Download or read book The Transition to Chaos written by Linda Reichl and published by Springer Nature. This book was released on 2021-04-12 with total page 555 pages. Available in PDF, EPUB and Kindle. Book excerpt: Based on courses given at the universities of Texas and California, this book treats an active field of research that touches upon the foundations of physics and chemistry. It presents, in as simple a manner as possible, the basic mechanisms that determine the dynamical evolution of both classical and quantum systems in sufficient generality to include quantum phenomena. The book begins with a discussion of Noether's theorem, integrability, KAM theory, and a definition of chaotic behavior; continues with a detailed discussion of area-preserving maps, integrable quantum systems, spectral properties, path integrals, and periodically driven systems; and concludes by showing how to apply the ideas to stochastic systems. The presentation is complete and self-contained; appendices provide much of the needed mathematical background, and there are extensive references to the current literature; while problems at the ends of chapters help students clarify their understanding. This new edition has an updated presentation throughout, and a new chapter on open quantum systems.

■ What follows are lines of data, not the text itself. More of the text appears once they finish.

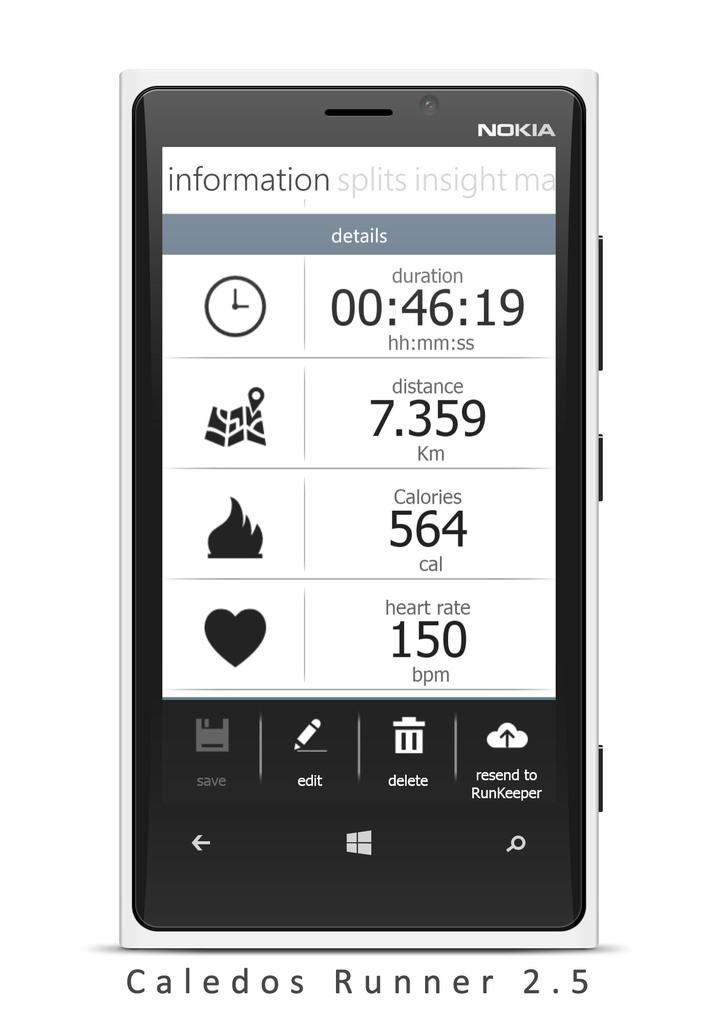Provide a one-sentence caption for the provided image. A collection of fitness stats are displayed on a Nokia phone screen. 
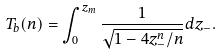Convert formula to latex. <formula><loc_0><loc_0><loc_500><loc_500>T _ { b } ( n ) = \int _ { 0 } ^ { z _ { m } } \frac { 1 } { \sqrt { 1 - 4 z _ { - } ^ { n } / n } } d z _ { - } .</formula> 
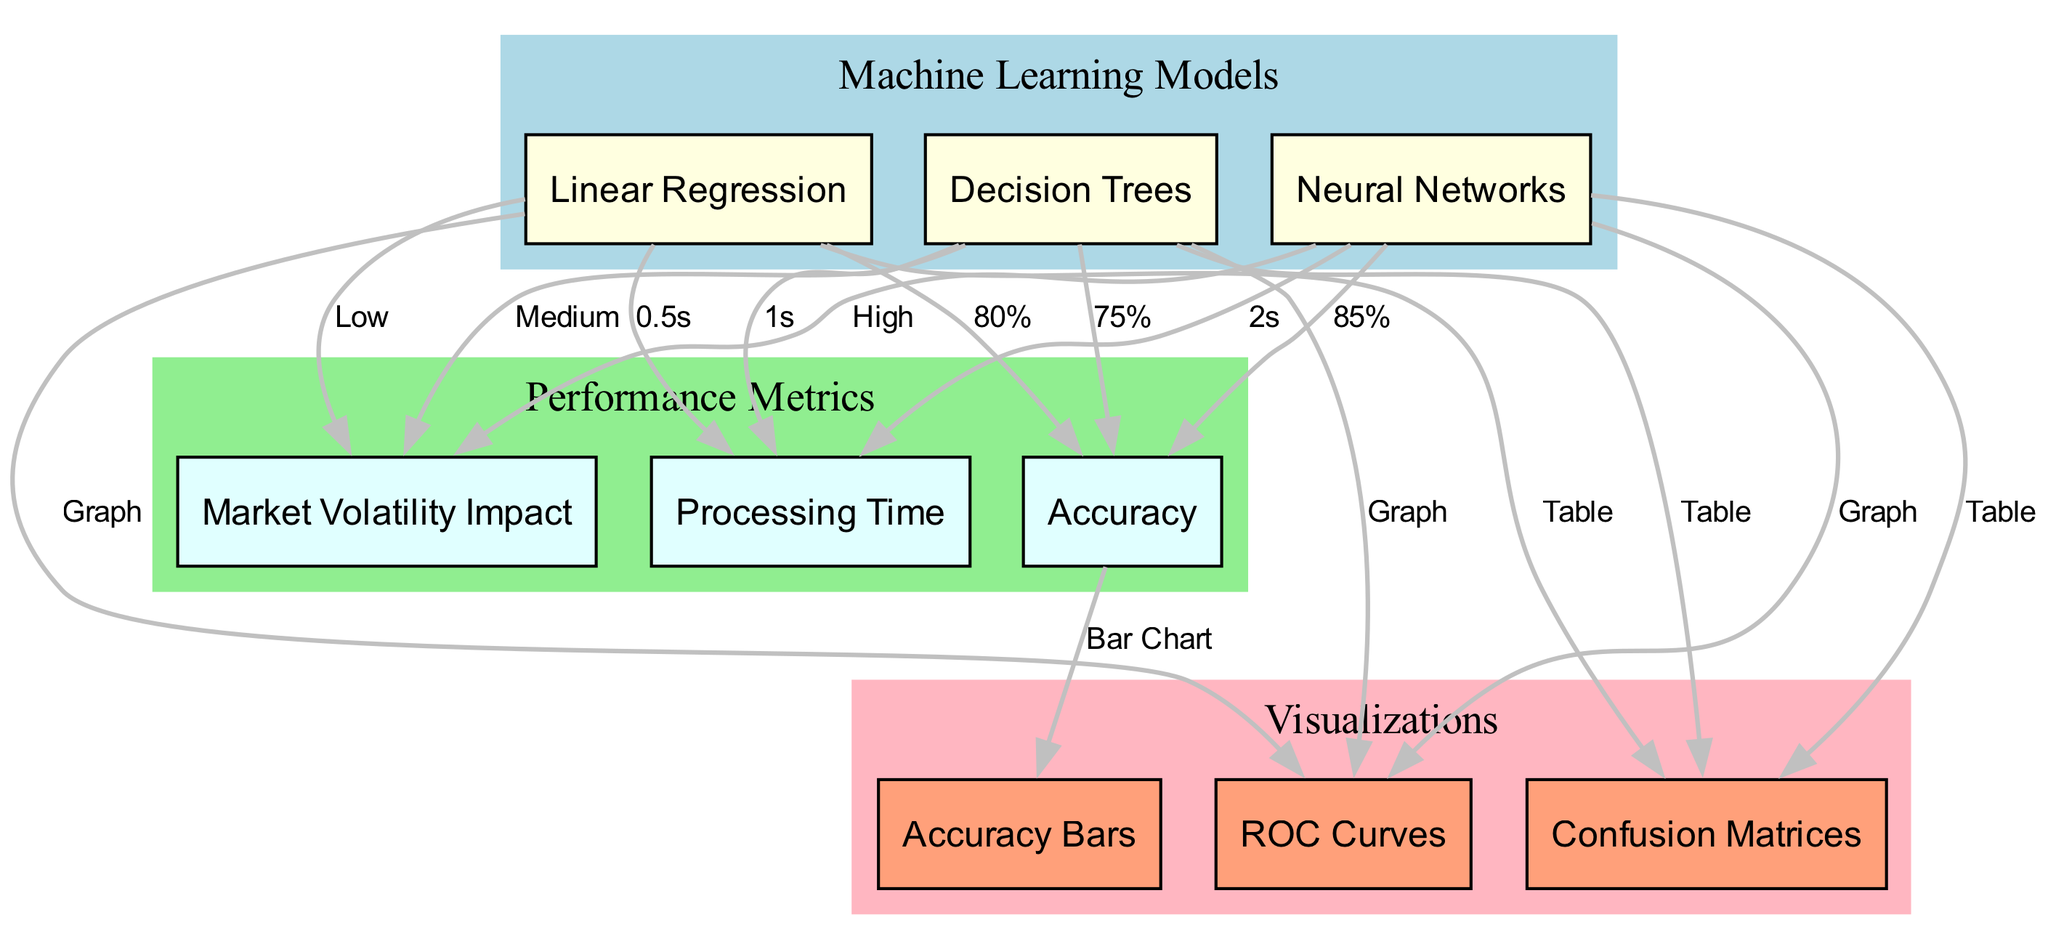What is the accuracy of neural networks? The diagram indicates that neural networks achieve an accuracy of 85%, as shown by the edge connecting the 'neural networks' node to the 'accuracy' node labeled with this percentage.
Answer: 85% What is the processing time for linear regression? The processing time for linear regression is represented as 0.5 seconds, indicated by the edge from the 'linear regression' node to the 'processing time' node with the corresponding label.
Answer: 0.5s Which model has the highest impact on market volatility? By examining the relationships in the diagram, it is clear that neural networks have a 'High' impact on market volatility, as indicated by the edge connecting the 'neural networks' node to the 'market volatility impact' node labeled 'High'.
Answer: High How many models are represented in the diagram? The diagram features three models: linear regression, neural networks, and decision trees, which can be counted in the 'Machine Learning Models' section.
Answer: 3 What type of visual representation is used to illustrate accuracy? The accuracy is depicted as a bar chart, as indicated by the edge from the 'accuracy' node pointing to the 'accuracy bars' node, labeled 'Bar Chart'.
Answer: Bar Chart What is the accuracy of decision trees? It can be determined from the diagram that decision trees have an accuracy of 75%, as indicated by the edge connecting the 'decision trees' node to the 'accuracy' node labeled with this value.
Answer: 75% How does the processing time of decision trees compare to neural networks? By comparing the processing time nodes, decision trees have a processing time of 1 second, while neural networks take 2 seconds. This reveals that decision trees are faster than neural networks by 1 second.
Answer: Faster by 1 second What is the common type of visualization for the models? The common type of visualization shown in the diagram for all models is a confusion matrix, as indicated by the edges pointing from each model node to the 'confusion matrix' node labeled 'Table'.
Answer: Table What accuracy percentage does linear regression have? The diagram specifies that linear regression has an accuracy of 80%, clearly labeled on the edge connecting 'linear_regression' to 'accuracy'.
Answer: 80%

Book A Scientist s Voice in American Culture

Download or read book A Scientist s Voice in American Culture written by Albert E. Moyer and published by Univ of California Press. This book was released on 1992-09-23 with total page 332 pages. Available in PDF, EPUB and Kindle. Book excerpt: In late nineteenth-century America, Simon Newcomb was the nation's most celebrated scientist and—irascibly, doggedly, tirelessly—he made the most of it. Officially a mathematical astronomer heading a government agency, Newcomb spent as much of his life out of the observatory as in it, acting as a spokesman for the nascent but restive scientific community of his time. Newcomb saw the "scientific method" as a potential guide for all disciplines and a basis for all practical action, and argued passionately that it was of as much use in the halls of Congress as in the laboratory. In so doing, he not only sparked popular support for American science but also confronted a wide spectrum of social, cultural, and intellectual issues. This first full-length study of Newcomb traces the development of his faith in science and ranges over topics of great public debate in the Gilded Age, from the reform of economic theory to the recasting of the debate between science and religion. Moyer's portrait of a restless, eager mind also illuminates the bustle of late nineteenth-century America.